INSTRUCTIONS FOR THE TASK
Provide an exact transcription of all the records.

Stored data entries:
>>>>

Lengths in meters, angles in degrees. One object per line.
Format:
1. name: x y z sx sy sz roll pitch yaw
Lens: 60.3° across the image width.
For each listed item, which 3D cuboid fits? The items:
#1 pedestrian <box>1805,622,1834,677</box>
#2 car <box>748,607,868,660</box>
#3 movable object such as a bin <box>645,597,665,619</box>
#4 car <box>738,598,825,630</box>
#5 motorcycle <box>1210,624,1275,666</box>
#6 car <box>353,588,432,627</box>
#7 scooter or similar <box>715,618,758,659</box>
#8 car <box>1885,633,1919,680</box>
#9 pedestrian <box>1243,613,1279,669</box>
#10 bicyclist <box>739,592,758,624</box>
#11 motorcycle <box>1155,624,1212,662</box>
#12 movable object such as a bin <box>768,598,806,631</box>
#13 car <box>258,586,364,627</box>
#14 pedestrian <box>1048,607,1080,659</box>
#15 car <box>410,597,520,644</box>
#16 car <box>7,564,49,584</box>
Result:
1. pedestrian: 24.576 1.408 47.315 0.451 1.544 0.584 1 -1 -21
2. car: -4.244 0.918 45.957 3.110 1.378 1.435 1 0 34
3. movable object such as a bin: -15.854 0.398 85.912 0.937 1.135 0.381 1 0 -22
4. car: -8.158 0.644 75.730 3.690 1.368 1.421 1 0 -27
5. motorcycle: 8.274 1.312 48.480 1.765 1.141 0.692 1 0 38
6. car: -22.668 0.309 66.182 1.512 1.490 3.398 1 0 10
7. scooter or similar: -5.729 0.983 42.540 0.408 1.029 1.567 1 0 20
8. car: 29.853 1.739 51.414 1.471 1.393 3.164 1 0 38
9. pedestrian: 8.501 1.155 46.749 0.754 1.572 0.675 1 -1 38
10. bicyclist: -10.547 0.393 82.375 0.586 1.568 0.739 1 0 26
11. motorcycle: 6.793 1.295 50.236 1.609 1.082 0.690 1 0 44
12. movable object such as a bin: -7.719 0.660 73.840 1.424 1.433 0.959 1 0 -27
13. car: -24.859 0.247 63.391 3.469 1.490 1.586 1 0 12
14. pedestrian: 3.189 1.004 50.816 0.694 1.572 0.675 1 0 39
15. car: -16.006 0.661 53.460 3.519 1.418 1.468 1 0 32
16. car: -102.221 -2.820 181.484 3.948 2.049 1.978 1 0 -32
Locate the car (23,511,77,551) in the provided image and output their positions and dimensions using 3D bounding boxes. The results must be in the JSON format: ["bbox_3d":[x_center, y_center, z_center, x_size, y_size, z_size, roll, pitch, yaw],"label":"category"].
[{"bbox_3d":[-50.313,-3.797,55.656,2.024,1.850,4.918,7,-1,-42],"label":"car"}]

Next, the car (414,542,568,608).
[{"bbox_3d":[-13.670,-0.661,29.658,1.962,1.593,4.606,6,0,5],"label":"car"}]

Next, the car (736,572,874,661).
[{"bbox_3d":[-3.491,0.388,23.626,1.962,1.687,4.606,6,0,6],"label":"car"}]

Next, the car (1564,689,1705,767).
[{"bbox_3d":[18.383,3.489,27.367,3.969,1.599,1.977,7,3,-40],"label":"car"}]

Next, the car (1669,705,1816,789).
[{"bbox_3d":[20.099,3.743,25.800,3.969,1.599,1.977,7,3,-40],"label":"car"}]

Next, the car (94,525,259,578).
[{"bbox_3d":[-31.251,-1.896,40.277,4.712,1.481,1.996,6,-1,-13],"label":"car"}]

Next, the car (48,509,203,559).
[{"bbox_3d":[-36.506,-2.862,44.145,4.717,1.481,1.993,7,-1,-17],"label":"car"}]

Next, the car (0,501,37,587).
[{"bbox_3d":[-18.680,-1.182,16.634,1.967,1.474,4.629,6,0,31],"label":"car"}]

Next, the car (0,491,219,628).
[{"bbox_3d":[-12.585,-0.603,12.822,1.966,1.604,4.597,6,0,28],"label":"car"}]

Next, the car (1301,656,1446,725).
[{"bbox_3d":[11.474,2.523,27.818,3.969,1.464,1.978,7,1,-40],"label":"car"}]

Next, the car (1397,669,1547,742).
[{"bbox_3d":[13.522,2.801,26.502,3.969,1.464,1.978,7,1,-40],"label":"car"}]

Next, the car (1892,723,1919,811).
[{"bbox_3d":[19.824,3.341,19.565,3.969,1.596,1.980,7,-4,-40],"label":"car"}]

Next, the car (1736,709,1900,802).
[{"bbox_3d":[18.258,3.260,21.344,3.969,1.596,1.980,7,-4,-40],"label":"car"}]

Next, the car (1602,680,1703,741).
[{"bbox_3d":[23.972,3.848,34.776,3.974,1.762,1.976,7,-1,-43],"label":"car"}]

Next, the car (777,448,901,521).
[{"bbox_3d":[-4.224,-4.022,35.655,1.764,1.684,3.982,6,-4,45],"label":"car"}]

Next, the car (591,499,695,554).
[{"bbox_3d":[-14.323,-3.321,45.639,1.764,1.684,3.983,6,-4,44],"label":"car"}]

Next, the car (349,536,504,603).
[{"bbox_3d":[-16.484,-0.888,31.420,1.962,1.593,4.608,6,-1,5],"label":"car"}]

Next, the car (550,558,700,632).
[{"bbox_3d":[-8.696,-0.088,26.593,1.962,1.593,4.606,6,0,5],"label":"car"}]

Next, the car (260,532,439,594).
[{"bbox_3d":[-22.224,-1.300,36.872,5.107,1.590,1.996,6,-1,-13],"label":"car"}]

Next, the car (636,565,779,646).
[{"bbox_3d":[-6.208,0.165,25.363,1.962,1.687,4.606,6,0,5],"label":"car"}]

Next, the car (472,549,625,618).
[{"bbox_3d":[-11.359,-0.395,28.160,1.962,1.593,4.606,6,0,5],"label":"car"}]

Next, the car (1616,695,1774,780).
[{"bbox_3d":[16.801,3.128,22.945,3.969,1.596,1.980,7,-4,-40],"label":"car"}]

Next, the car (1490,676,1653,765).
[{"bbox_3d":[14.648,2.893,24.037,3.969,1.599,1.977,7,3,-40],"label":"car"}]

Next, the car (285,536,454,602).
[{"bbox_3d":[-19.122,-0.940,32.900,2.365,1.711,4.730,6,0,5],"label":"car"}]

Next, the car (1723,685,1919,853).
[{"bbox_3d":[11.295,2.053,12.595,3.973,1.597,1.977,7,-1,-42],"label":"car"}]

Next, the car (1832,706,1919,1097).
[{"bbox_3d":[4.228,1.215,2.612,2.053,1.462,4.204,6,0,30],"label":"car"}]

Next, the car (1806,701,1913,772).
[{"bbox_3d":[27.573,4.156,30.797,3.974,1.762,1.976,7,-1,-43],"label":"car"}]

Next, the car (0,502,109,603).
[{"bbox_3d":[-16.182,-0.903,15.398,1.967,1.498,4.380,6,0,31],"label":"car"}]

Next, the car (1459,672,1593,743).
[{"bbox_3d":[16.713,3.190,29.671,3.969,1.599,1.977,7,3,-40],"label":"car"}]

<<<<

RESULT FOR THIS TASK
Lengths in meters, angles in degrees. One object per line.
Format:
1. name: x y z sx sy sz roll pitch yaw
Lens: 60.3° across the image width.
For each listed item, which 3D cuboid fits? The items:
#1 pedestrian <box>1805,622,1834,677</box>
#2 car <box>748,607,868,660</box>
#3 movable object such as a bin <box>645,597,665,619</box>
#4 car <box>738,598,825,630</box>
#5 motorcycle <box>1210,624,1275,666</box>
#6 car <box>353,588,432,627</box>
#7 scooter or similar <box>715,618,758,659</box>
#8 car <box>1885,633,1919,680</box>
#9 pedestrian <box>1243,613,1279,669</box>
#10 bicyclist <box>739,592,758,624</box>
#11 motorcycle <box>1155,624,1212,662</box>
#12 movable object such as a bin <box>768,598,806,631</box>
#13 car <box>258,586,364,627</box>
#14 pedestrian <box>1048,607,1080,659</box>
#15 car <box>410,597,520,644</box>
#16 car <box>7,564,49,584</box>
Result:
1. pedestrian: 24.576 1.408 47.315 0.451 1.544 0.584 1 -1 -21
2. car: -4.244 0.918 45.957 3.110 1.378 1.435 1 0 34
3. movable object such as a bin: -15.854 0.398 85.912 0.937 1.135 0.381 1 0 -22
4. car: -8.158 0.644 75.730 3.690 1.368 1.421 1 0 -27
5. motorcycle: 8.274 1.312 48.480 1.765 1.141 0.692 1 0 38
6. car: -22.668 0.309 66.182 1.512 1.490 3.398 1 0 10
7. scooter or similar: -5.729 0.983 42.540 0.408 1.029 1.567 1 0 20
8. car: 29.853 1.739 51.414 1.471 1.393 3.164 1 0 38
9. pedestrian: 8.501 1.155 46.749 0.754 1.572 0.675 1 -1 38
10. bicyclist: -10.547 0.393 82.375 0.586 1.568 0.739 1 0 26
11. motorcycle: 6.793 1.295 50.236 1.609 1.082 0.690 1 0 44
12. movable object such as a bin: -7.719 0.660 73.840 1.424 1.433 0.959 1 0 -27
13. car: -24.859 0.247 63.391 3.469 1.490 1.586 1 0 12
14. pedestrian: 3.189 1.004 50.816 0.694 1.572 0.675 1 0 39
15. car: -16.006 0.661 53.460 3.519 1.418 1.468 1 0 32
16. car: -102.221 -2.820 181.484 3.948 2.049 1.978 1 0 -32
Locate the car (23,511,77,551) in the provided image and output their positions and dimensions using 3D bounding boxes. The results must be in the JSON format: ["bbox_3d":[x_center, y_center, z_center, x_size, y_size, z_size, roll, pitch, yaw],"label":"category"].
[{"bbox_3d":[-50.313,-3.797,55.656,2.024,1.850,4.918,7,-1,-42],"label":"car"}]

Next, the car (414,542,568,608).
[{"bbox_3d":[-13.670,-0.661,29.658,1.962,1.593,4.606,6,0,5],"label":"car"}]

Next, the car (736,572,874,661).
[{"bbox_3d":[-3.491,0.388,23.626,1.962,1.687,4.606,6,0,6],"label":"car"}]

Next, the car (1564,689,1705,767).
[{"bbox_3d":[18.383,3.489,27.367,3.969,1.599,1.977,7,3,-40],"label":"car"}]

Next, the car (1669,705,1816,789).
[{"bbox_3d":[20.099,3.743,25.800,3.969,1.599,1.977,7,3,-40],"label":"car"}]

Next, the car (94,525,259,578).
[{"bbox_3d":[-31.251,-1.896,40.277,4.712,1.481,1.996,6,-1,-13],"label":"car"}]

Next, the car (48,509,203,559).
[{"bbox_3d":[-36.506,-2.862,44.145,4.717,1.481,1.993,7,-1,-17],"label":"car"}]

Next, the car (0,501,37,587).
[{"bbox_3d":[-18.680,-1.182,16.634,1.967,1.474,4.629,6,0,31],"label":"car"}]

Next, the car (0,491,219,628).
[{"bbox_3d":[-12.585,-0.603,12.822,1.966,1.604,4.597,6,0,28],"label":"car"}]

Next, the car (1301,656,1446,725).
[{"bbox_3d":[11.474,2.523,27.818,3.969,1.464,1.978,7,1,-40],"label":"car"}]

Next, the car (1397,669,1547,742).
[{"bbox_3d":[13.522,2.801,26.502,3.969,1.464,1.978,7,1,-40],"label":"car"}]

Next, the car (1892,723,1919,811).
[{"bbox_3d":[19.824,3.341,19.565,3.969,1.596,1.980,7,-4,-40],"label":"car"}]

Next, the car (1736,709,1900,802).
[{"bbox_3d":[18.258,3.260,21.344,3.969,1.596,1.980,7,-4,-40],"label":"car"}]

Next, the car (1602,680,1703,741).
[{"bbox_3d":[23.972,3.848,34.776,3.974,1.762,1.976,7,-1,-43],"label":"car"}]

Next, the car (777,448,901,521).
[{"bbox_3d":[-4.224,-4.022,35.655,1.764,1.684,3.982,6,-4,45],"label":"car"}]

Next, the car (591,499,695,554).
[{"bbox_3d":[-14.323,-3.321,45.639,1.764,1.684,3.983,6,-4,44],"label":"car"}]

Next, the car (349,536,504,603).
[{"bbox_3d":[-16.484,-0.888,31.420,1.962,1.593,4.608,6,-1,5],"label":"car"}]

Next, the car (550,558,700,632).
[{"bbox_3d":[-8.696,-0.088,26.593,1.962,1.593,4.606,6,0,5],"label":"car"}]

Next, the car (260,532,439,594).
[{"bbox_3d":[-22.224,-1.300,36.872,5.107,1.590,1.996,6,-1,-13],"label":"car"}]

Next, the car (636,565,779,646).
[{"bbox_3d":[-6.208,0.165,25.363,1.962,1.687,4.606,6,0,5],"label":"car"}]

Next, the car (472,549,625,618).
[{"bbox_3d":[-11.359,-0.395,28.160,1.962,1.593,4.606,6,0,5],"label":"car"}]

Next, the car (1616,695,1774,780).
[{"bbox_3d":[16.801,3.128,22.945,3.969,1.596,1.980,7,-4,-40],"label":"car"}]

Next, the car (1490,676,1653,765).
[{"bbox_3d":[14.648,2.893,24.037,3.969,1.599,1.977,7,3,-40],"label":"car"}]

Next, the car (285,536,454,602).
[{"bbox_3d":[-19.122,-0.940,32.900,2.365,1.711,4.730,6,0,5],"label":"car"}]

Next, the car (1723,685,1919,853).
[{"bbox_3d":[11.295,2.053,12.595,3.973,1.597,1.977,7,-1,-42],"label":"car"}]

Next, the car (1832,706,1919,1097).
[{"bbox_3d":[4.228,1.215,2.612,2.053,1.462,4.204,6,0,30],"label":"car"}]

Next, the car (1806,701,1913,772).
[{"bbox_3d":[27.573,4.156,30.797,3.974,1.762,1.976,7,-1,-43],"label":"car"}]

Next, the car (0,502,109,603).
[{"bbox_3d":[-16.182,-0.903,15.398,1.967,1.498,4.380,6,0,31],"label":"car"}]

Next, the car (1459,672,1593,743).
[{"bbox_3d":[16.713,3.190,29.671,3.969,1.599,1.977,7,3,-40],"label":"car"}]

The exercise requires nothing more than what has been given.